Continue up the body: calves, thighs, glutes, abdomen, chest, arms, hands, shoulders, neck, face.
Spend 5–10 seconds tensing, then releasing each group.
Why it can help:
You are teaching your body to distinguish between tension and release and giving it a structured way to discharge stored stress.[therapywisdom]
Technique 5: Pendulation (Moving Between Activation and Resource)
Somatic Experiencing founder Peter Levine describes “pendulation” as gently shifting awareness between sensations of distress and sensations of relative ease or neutrality.[etheses.whiterose.ac]
How to practice:
First, notice where you feel political anxiety in your body (for example, tight chest, clenched jaw, heaviness in the belly).
Stay with those sensations for 10–20 seconds, simply observing without trying to fix them.
Then, shift your attention to a part of your body that feels more neutral or comfortable (such as your hands, feet, or the support of the chair).
Notice that sensation for 10–20 seconds.
Move your focus back and forth a few times between the two.
Why it can help:
Pendulation helps your nervous system learn that it can come into contact with discomfort and also return to sensations of stability, rather than feeling trapped in one state.[etheses.whiterose.ac]
Art Therapy Practice: Giving Political Overwhelm a Place to Go
Art‑making offers a way to move political intensity out of your body and into an image that you can see, touch, and relate to.[aclientfirst]
You will need:
Paper
Markers, crayons, or paint
About 20 minutes
Step 1: Put the overwhelm on paper (5 minutes)
On the first page, let your political overwhelm take any visual form it wants—scribbles, jagged lines, dense blocks of color, overlapping shapes. The goal is expression, not aesthetics. As you work, imagine you are letting some of what you have been holding inside move onto the page.[aclientfirst]
Step 2: Draw a holding shape or boundary (5 minutes)
On a new sheet, create an image that feels containing: this might be a circle, a box, a room, a landscape, or any shape that feels like it can hold intensity without being wiped out by it. This drawing represents your capacity, your boundaries, or the support around you.[aclientfirst]

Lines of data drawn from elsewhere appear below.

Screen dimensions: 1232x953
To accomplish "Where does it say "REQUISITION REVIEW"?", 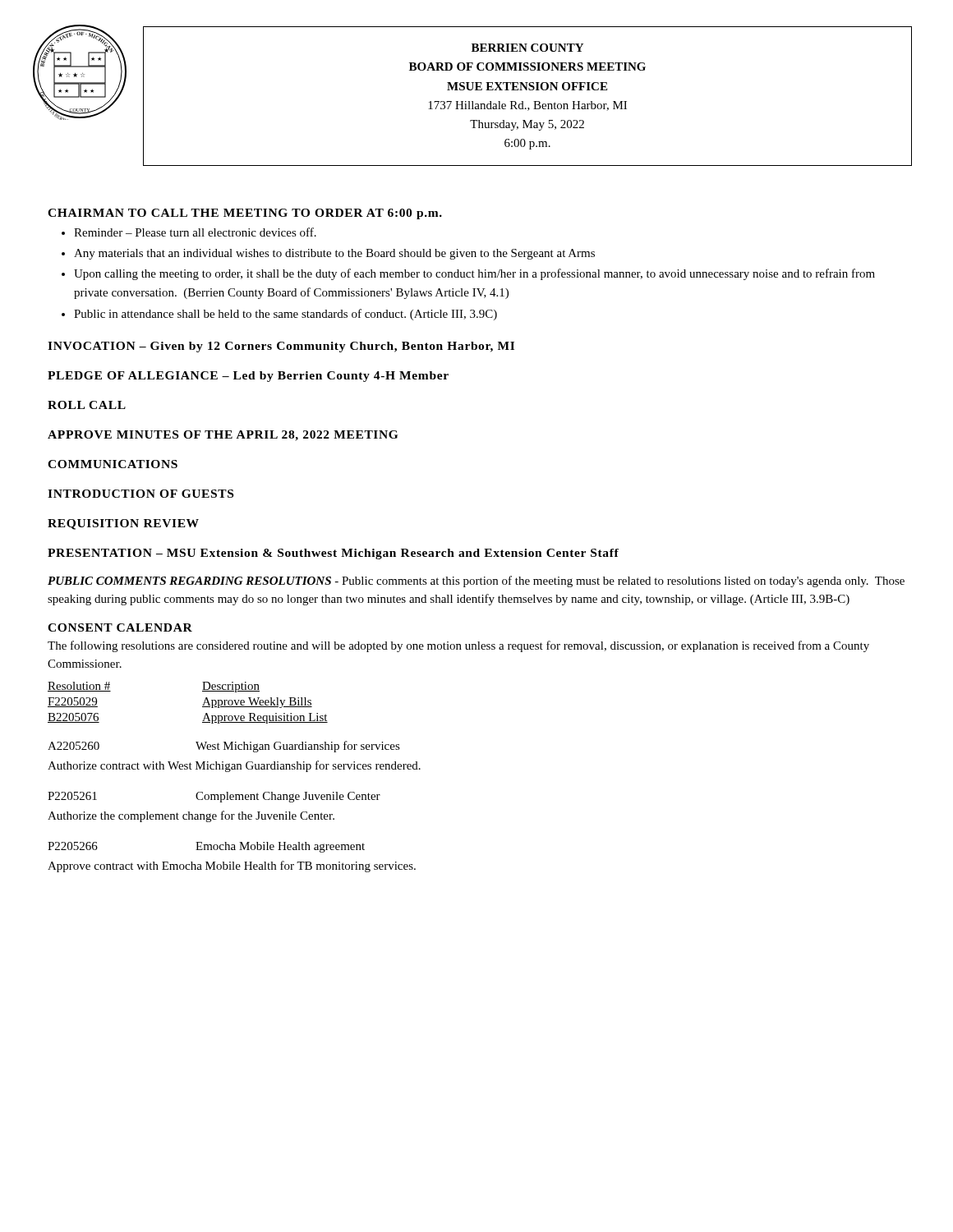I will 124,523.
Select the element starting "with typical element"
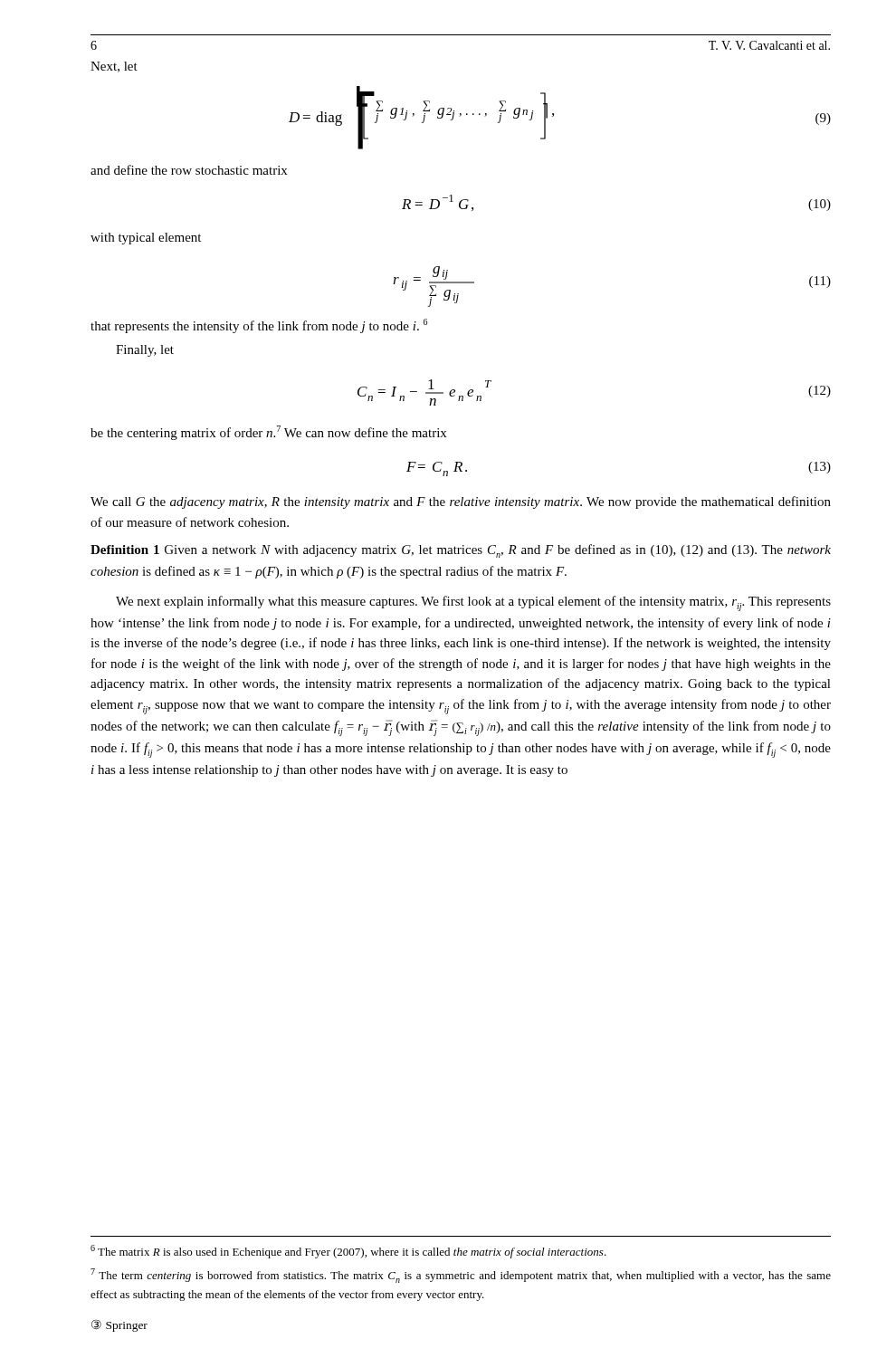 [146, 237]
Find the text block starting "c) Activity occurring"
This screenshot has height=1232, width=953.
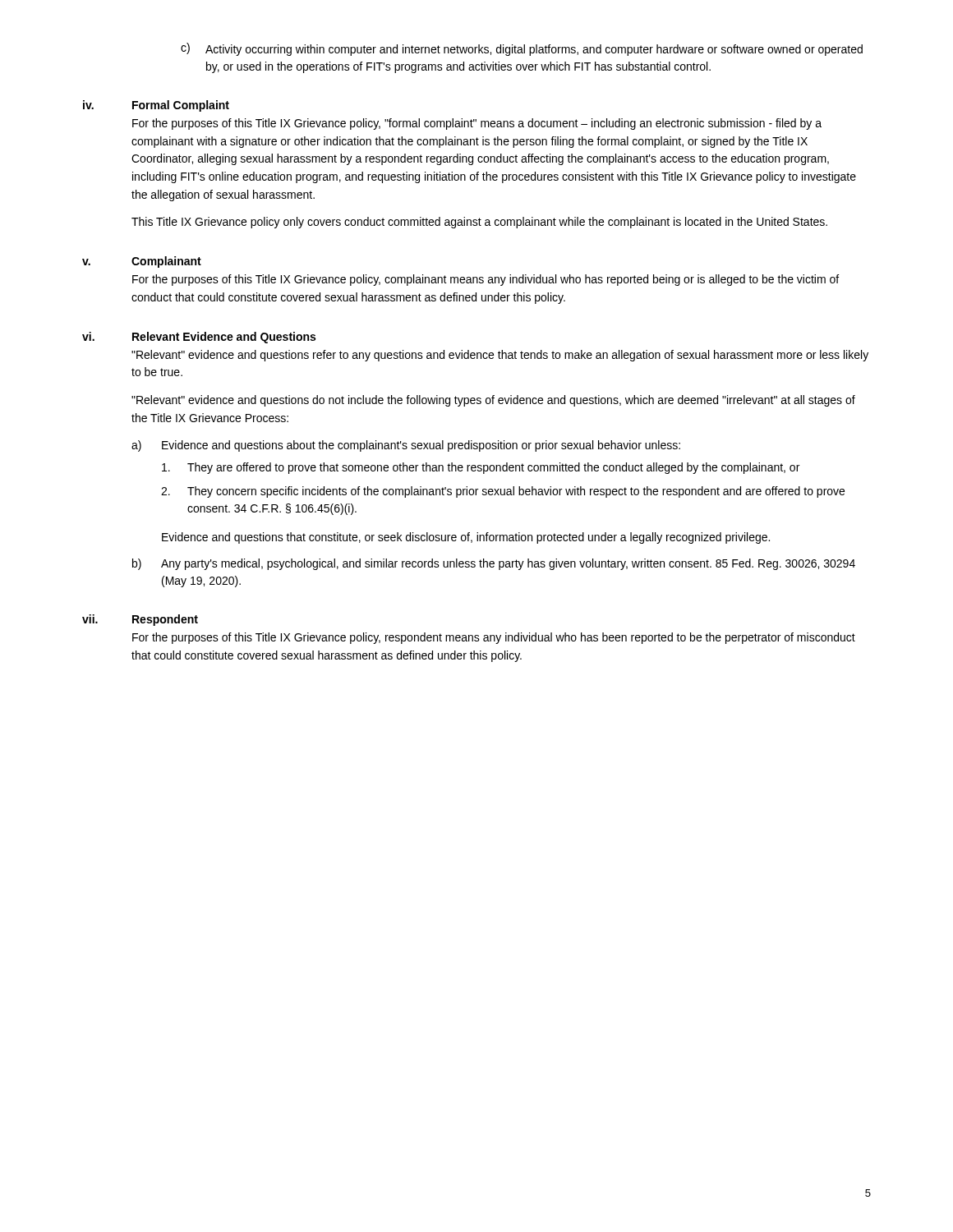click(526, 58)

Step 3: Explore how the images relate (10 minutes)
Next, experiment with how these two images interact. You might place or tape the “overwhelm” drawing inside the containing image, overlap them, or create a third image where both the chaotic marks and a grounded figure or space appear together. As you do this, notice what happens in your body—whether tension, breath, or emotion shifts in any way.[aclientfirst]

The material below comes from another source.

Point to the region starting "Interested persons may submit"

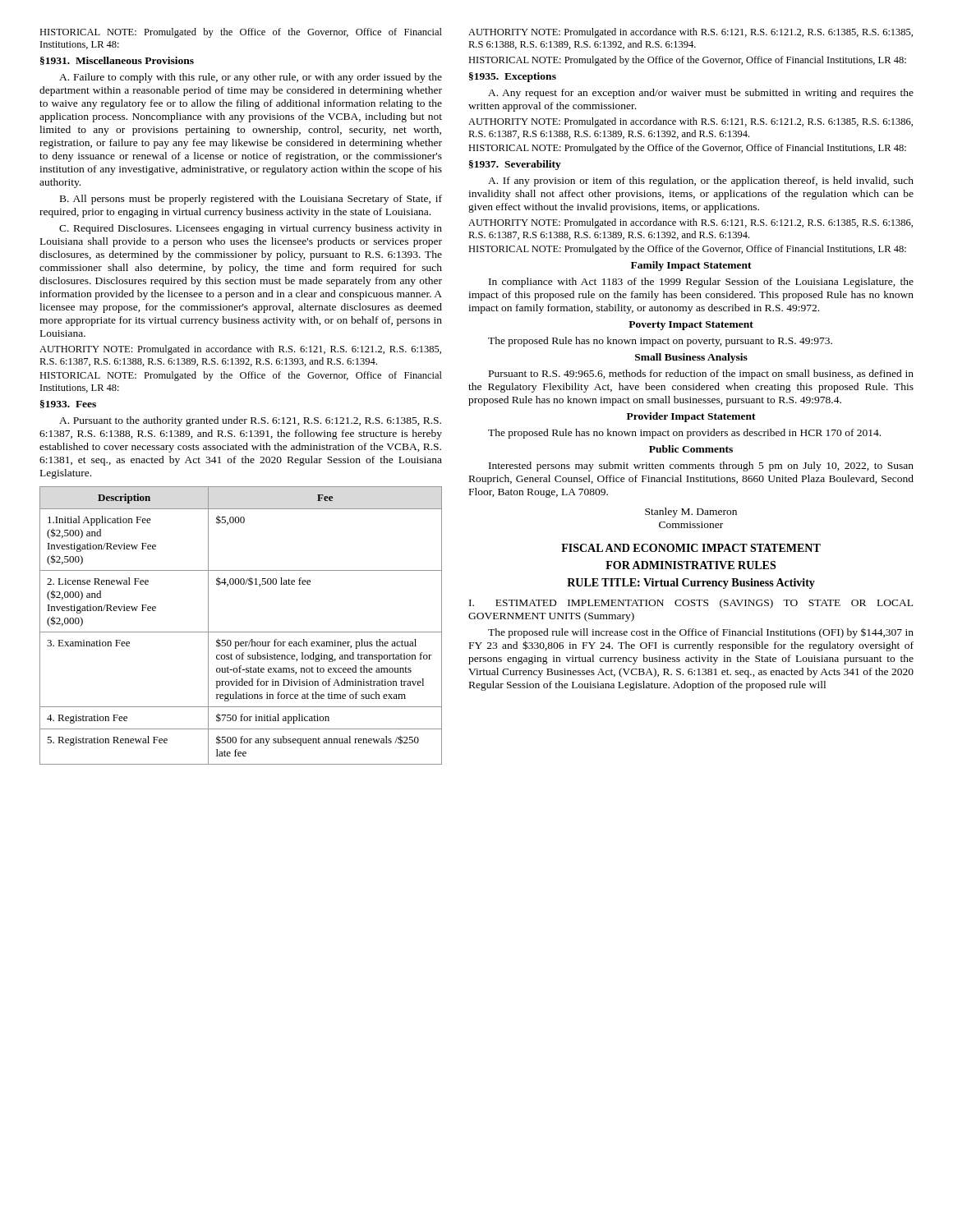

Practical Strategies for Sustainable Political Engagement
Somatic practices are most effective when paired with concrete choices about how and when you engage with politics.[apa]

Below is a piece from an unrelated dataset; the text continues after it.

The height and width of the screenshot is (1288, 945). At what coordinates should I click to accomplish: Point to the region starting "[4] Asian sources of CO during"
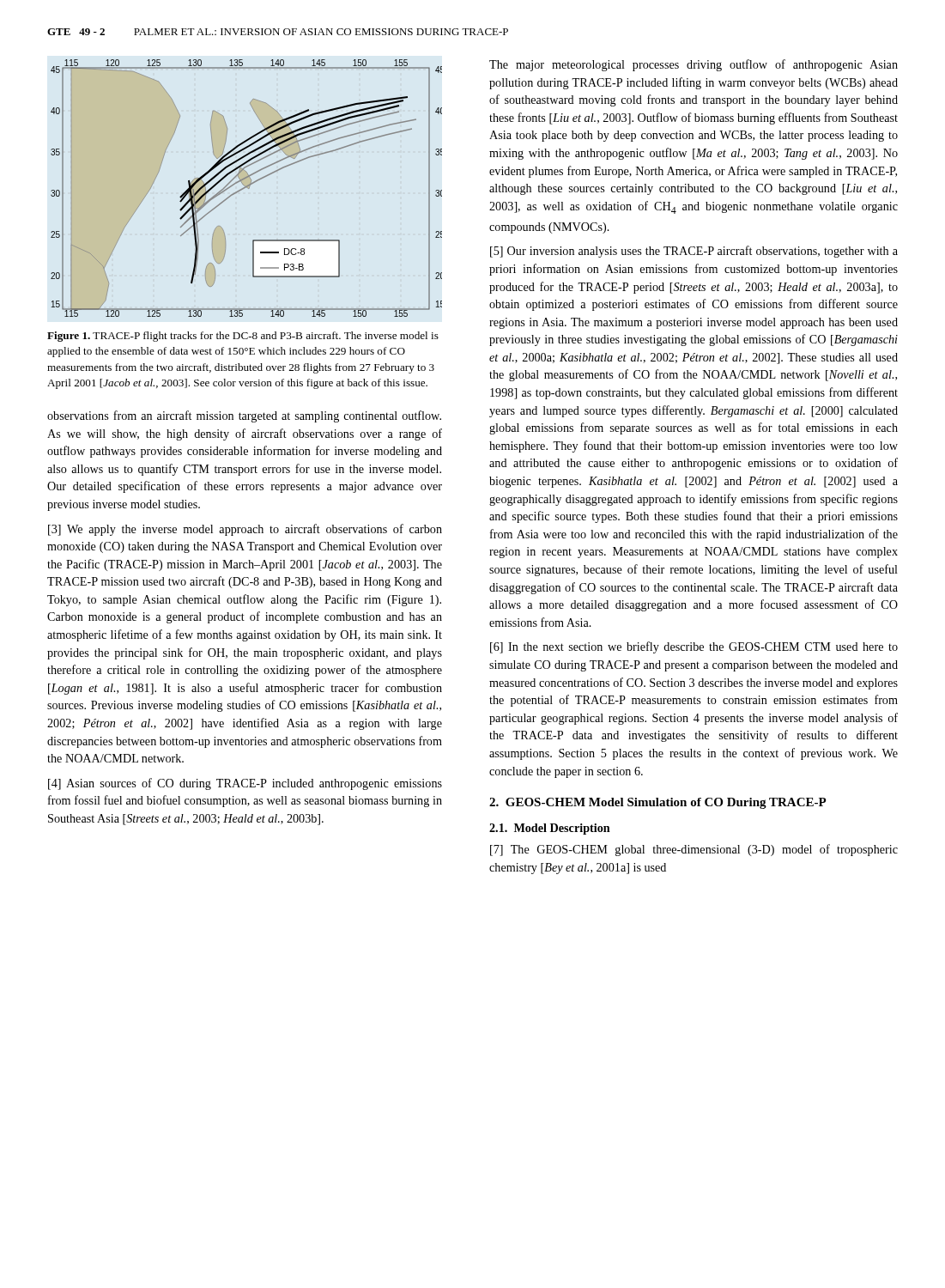click(245, 801)
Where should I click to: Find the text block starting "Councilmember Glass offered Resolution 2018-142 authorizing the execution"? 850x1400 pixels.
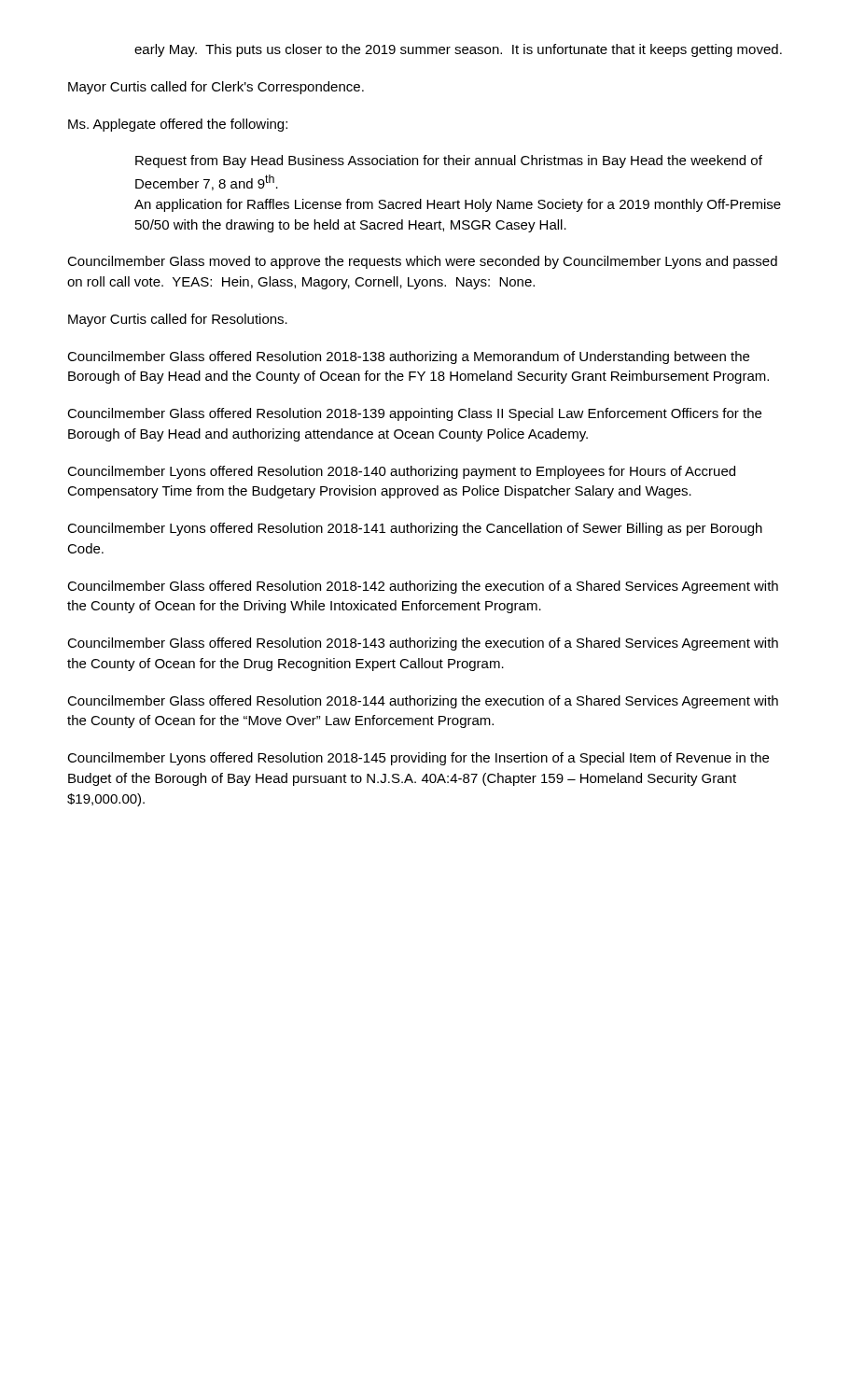click(x=423, y=595)

1. Set Boundaries with News and Social Media
Surveys report that 72% of respondents say social media and news coverage contribute to their election anxiety, and more than half (54%) consciously limit exposure to manage stress.[prnewswire]
You might experiment with:
Choosing specific windows to check the news (for example, once in the morning and once in the evening).
Setting a timer for 10–20 minutes when you open news or social apps.
Doing a brief grounding or breath practice before you look at political content.
Moving, stretching, or using bilateral tapping after you close the app to help your body process what you saw.
2. Channel Anxiety into Action
For many people, transforming distress into meaningful action restores a sense of agency.[colorado]
Possible forms of action include:
Volunteering with organizations that align with your values.
Attending local meetings, teach‑ins, or community gatherings.
Participating in mutual aid efforts.
Donating time or money to causes that matter to you.
Action can help shift a “freeze” state into more empowered mobilization, but sustainable activism depends on cycles of engagement and rest, not constant activation.[colorado]
3. Prioritize Community Over Isolation
Clinicians and community reports note that political polarization can intensify loneliness and social withdrawal. Being in community with others who share your values or experiences can buffer against political anxiety.[meadowsllc]
You might:
Join affinity groups, support spaces, or community organizations where you feel a sense of shared purpose.
Choose a few trusted people for political conversations and set limits with those who escalate your anxiety or reactivity.
Allow yourself to have different levels of closeness and different topics with different people.
4. Know When to Step Back
A 2025 analysis drawing on Charlie Health data found that a large majority of clients reported that the political climate negatively affected their mental health, and many said they avoided political conversations to cope.[meadowsllc]
Stepping back can look like:
Muting or unfollowing accounts that spike your nervous system.
Skipping political talk at specific gatherings.
Taking intentional breaks from social media or 24‑hour news during high‑intensity cycles.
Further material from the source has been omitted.